Blarney Stones - cooking recipe

Ingredients
    1 1/2 cups flour
    1 cup sugar
    2 teaspoons baking powder
    1/4 teaspoon salt
    2 eggs
    1 cup milk, divided, plus a little extra
    1 - 1 1/2 cup powdered sugar
    1 lb spanish salted peanuts or 1 lb jumbo salted peanuts, hulled
Preparation
    Preheat oven to 375\u00b0F.
    Sift flour, sugar, baking powder, and salt together in a bowl.
    Place 2 eggs in a 1-cup measuring cup and fill to top with milk (about 1/2 c, varies based on eggs).
    Mix for 5 minutes with dry ingredients - I do this by hand the way she always did, so I'm not sure whether or not using a mixer would be good.
    Spread evenly in a greased 9 x 13\" pan for 12-15 minutes, and bake until cookies are puffy, golden brown, and cooked through.

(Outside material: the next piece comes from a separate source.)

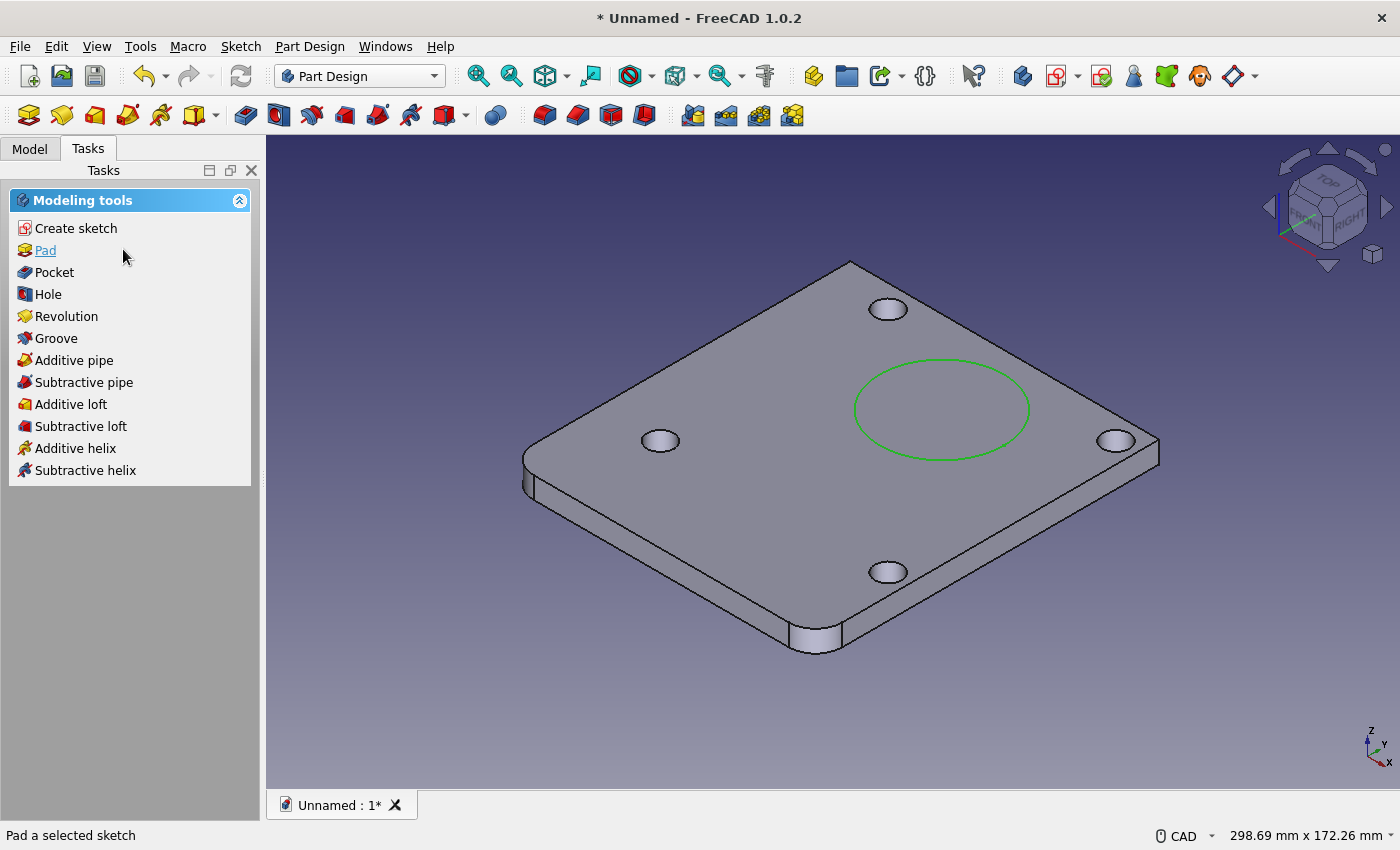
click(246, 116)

    Meanwhile, prepare a powdered sugar icing by combining 1 c powdered sugar with a small quantity of milk (start with just a tablespoon or so). Mix well. Add milk as needed to reach your desired consistency (a bit like a glaze).
    Finely crush the peanuts.
    When cookies are done, let cool for a few minutes before cutting into squares. Coat in icing, then roll in nuts. Let dry on wax paper.